Martes 11.10 a.m.
Era la hora del recreo, C.y M. se quedaron solos en clase. C. estaba estudiando. M. se levantó, forzó un armario cerrado con llave y cogió el portátil guardado en él. C. le dijo asombrada «¿Te vas a llevar el portátil de la clase?» y M. le dijó: «Tú cállate, cállate o verás». Salió tranquilamente con el portatil en la mochila, se cruzó con la conserje, con su tutora, les saludó y se fue a su casa.
Miércoles, 8.30 a.m.
M. Vuelve a clase como si no hubiera pasado nada. A la salida le dice a C. «¿No habrás dicho nada?». C. se lo había contado a una profesora pidiendo que la protegiera, y advirtiendo que negaría todo delante del autor, del director o de la policía.
Jueves, 9.20 a.m.
El director del instituto llama a M. y le dice que dos profesoras le vieron desde el aparcamiento coger el portátil de la clase, que lo devuelva y no habrá consecuencias.
M. lo niega sin que le tiemble la voz.
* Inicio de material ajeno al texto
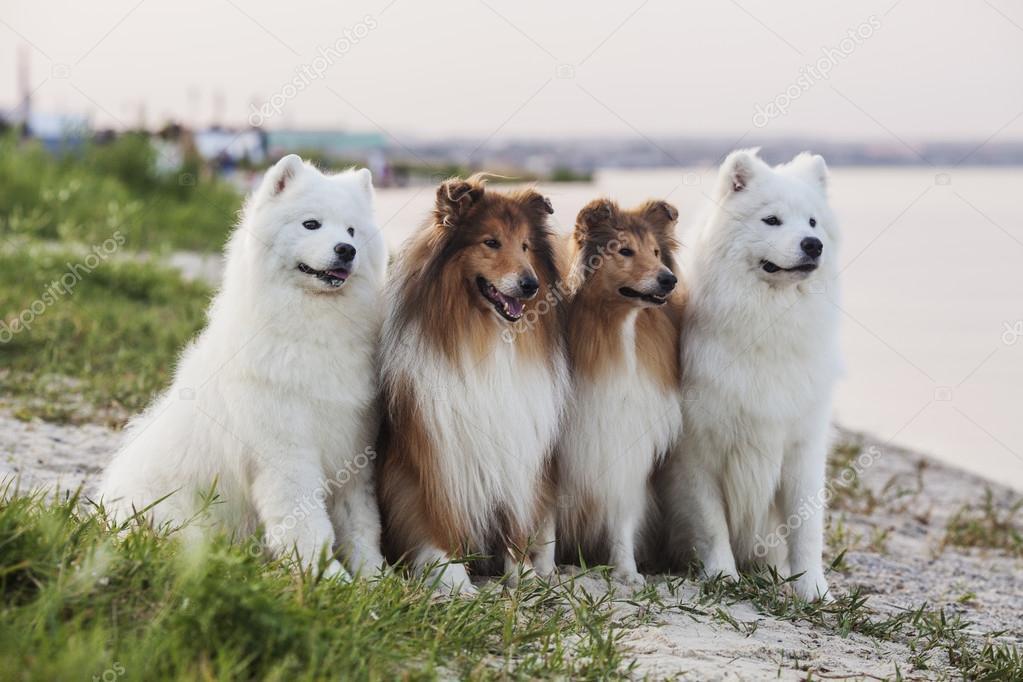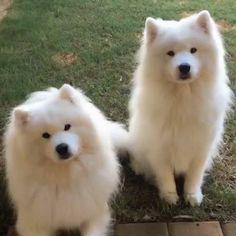The first image is the image on the left, the second image is the image on the right. For the images shown, is this caption "One of the images has two brown and white dogs in between two white dogs." true? Answer yes or no. Yes. The first image is the image on the left, the second image is the image on the right. Evaluate the accuracy of this statement regarding the images: "One image shows two white dogs sitting upright side-by-side, and the other image shows two sitting collies flanked by two sitting white dogs.". Is it true? Answer yes or no. Yes. 
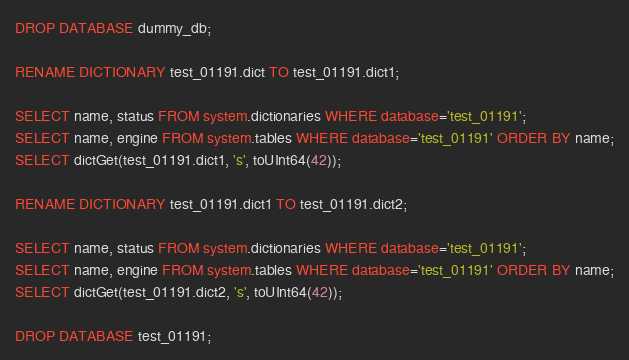Convert code to text. <code><loc_0><loc_0><loc_500><loc_500><_SQL_>DROP DATABASE dummy_db;

RENAME DICTIONARY test_01191.dict TO test_01191.dict1;

SELECT name, status FROM system.dictionaries WHERE database='test_01191';
SELECT name, engine FROM system.tables WHERE database='test_01191' ORDER BY name;
SELECT dictGet(test_01191.dict1, 's', toUInt64(42));

RENAME DICTIONARY test_01191.dict1 TO test_01191.dict2;

SELECT name, status FROM system.dictionaries WHERE database='test_01191';
SELECT name, engine FROM system.tables WHERE database='test_01191' ORDER BY name;
SELECT dictGet(test_01191.dict2, 's', toUInt64(42));

DROP DATABASE test_01191;
</code> 
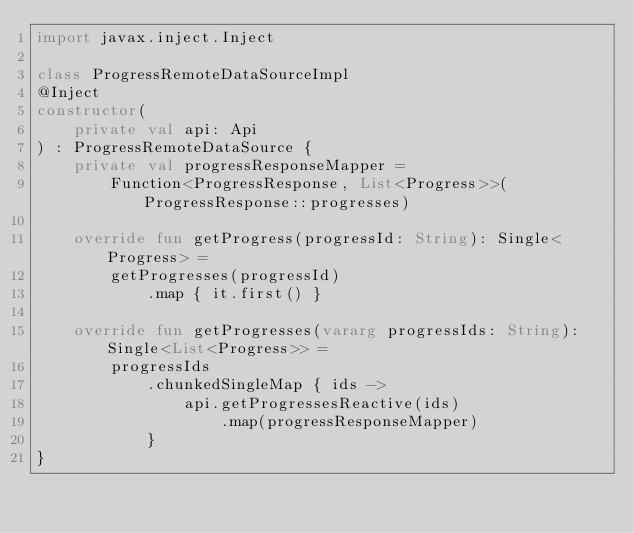<code> <loc_0><loc_0><loc_500><loc_500><_Kotlin_>import javax.inject.Inject

class ProgressRemoteDataSourceImpl
@Inject
constructor(
    private val api: Api
) : ProgressRemoteDataSource {
    private val progressResponseMapper =
        Function<ProgressResponse, List<Progress>>(ProgressResponse::progresses)

    override fun getProgress(progressId: String): Single<Progress> =
        getProgresses(progressId)
            .map { it.first() }

    override fun getProgresses(vararg progressIds: String): Single<List<Progress>> =
        progressIds
            .chunkedSingleMap { ids ->
                api.getProgressesReactive(ids)
                    .map(progressResponseMapper)
            }
}</code> 
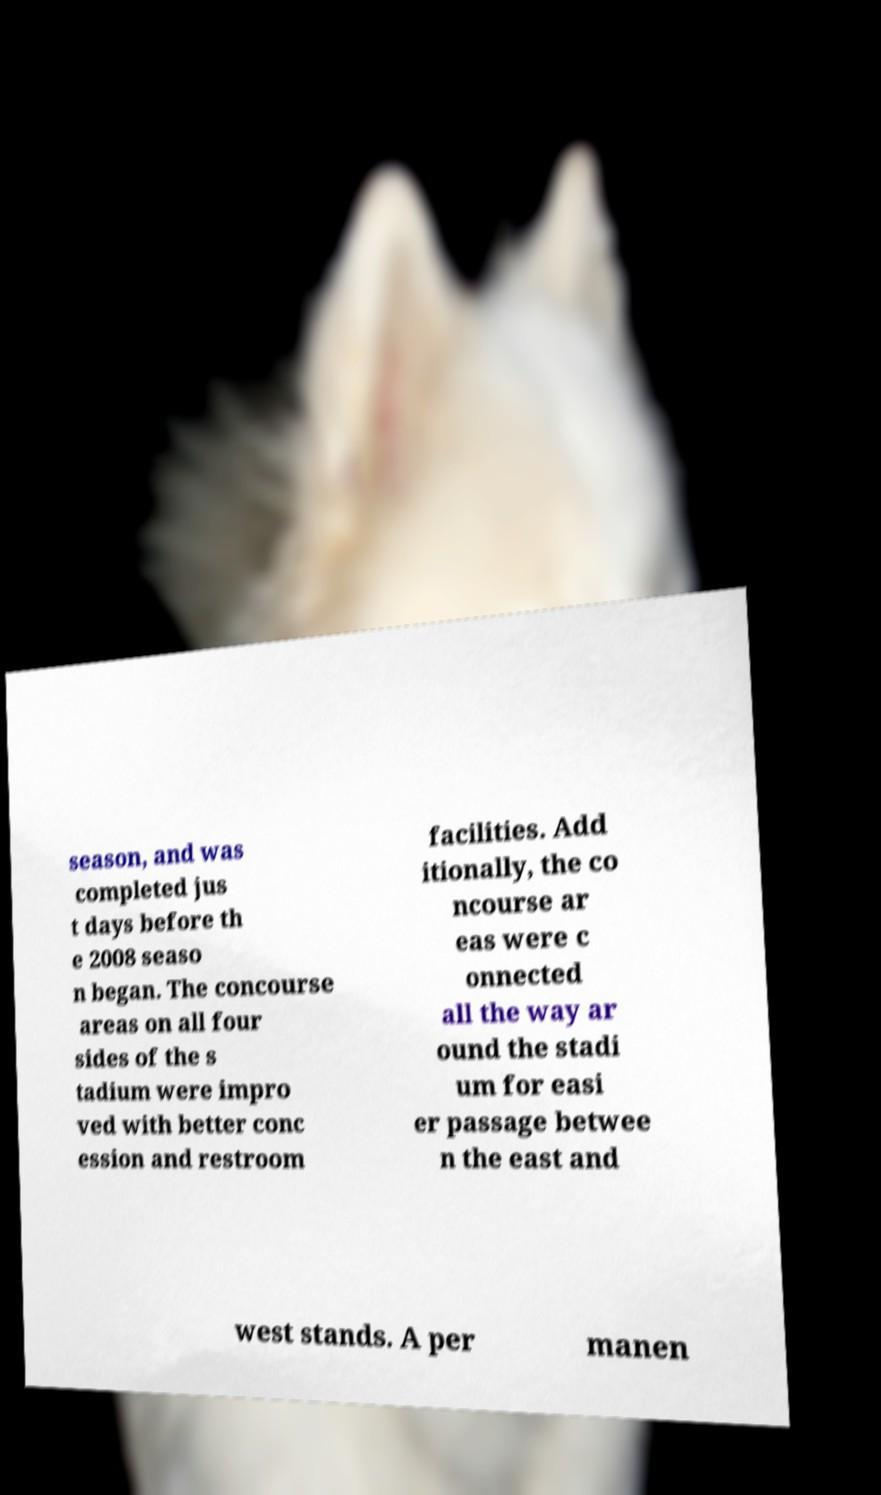Could you extract and type out the text from this image? season, and was completed jus t days before th e 2008 seaso n began. The concourse areas on all four sides of the s tadium were impro ved with better conc ession and restroom facilities. Add itionally, the co ncourse ar eas were c onnected all the way ar ound the stadi um for easi er passage betwee n the east and west stands. A per manen

Vuelve a clase y se comporta como si nada.
Jueves 10.20 a.m.
El director y el jefe de estudios del centro le piden a C. que testifique, que denuncie, que le delate. La presionan. C. rompe a llorar. No quiere saber nada. Tiene miedo.
Viernes 8.30 a.m.
El jefe de estudios comunica a todo el grupo, cuando no está presente M., que no se va a denunciar el robo porque C. lo pasaría mal, y aunque lo que corresponde es ir a la comisaría, por humanidad no se va a hacer.
Lunes 8.30 a.m.
Caso resuelto: un chaval, M, de 19 años, roba y amenaza a una compañera, C, todos lo sabemos y todo quedará en un incidente. Toda una comunidad educativa de unas quinientas personas acabará tolerando que un individuo robe, amenace y no sufra ninguna consecuencia.
Pocas cosas importantes aprendí en la Facultad de Derecho, entre ellas, que la ley del más fuerte pertenecía a un estado primitivo e irracional que se superaba creando y sometiéndonos colectivamente a unas normas que consideráramos justas y estableciendo un poder público que las hiciera cumplir. Docentes, equipo directivo, inspección, policía. Mucho poder y poca capacidad de hacer cumplir las normas.
Pienso en la última víctima de violencia de género, la novena del 2010, una chica de 35 años a la que vieron por última vez siendo golpeada contra un cristal, luego «la metió para dentro y no vimos nada más», relata una testigo. No vemos nada, no queremos verlo e incluso cuando lo vemos no nos atrevemos a actuar, a veces ni siquiera a decirlo.
La defensa personal no nos viene bien a los débiles, y siempre hay alguien más fuerte que uno mismo. La seguridad colectiva depende de una comunidad intolerante al abuso de la fuerza sobre la razón. Y esa intolerancia requiere de mensajes constantes que marginen y avergüencen a quienes osen quebrantar la convivencia, empezando por la más íntima, la familiar, y continuando por la de la escuela o la del barrio. Si la seguridad cotidiana, la del día a día, la de nuestro espacio más próximo y habitado, cada vez depende más de la llegada a tiempo de la policía nunca estaremos menos seguros ni seremos menos libres.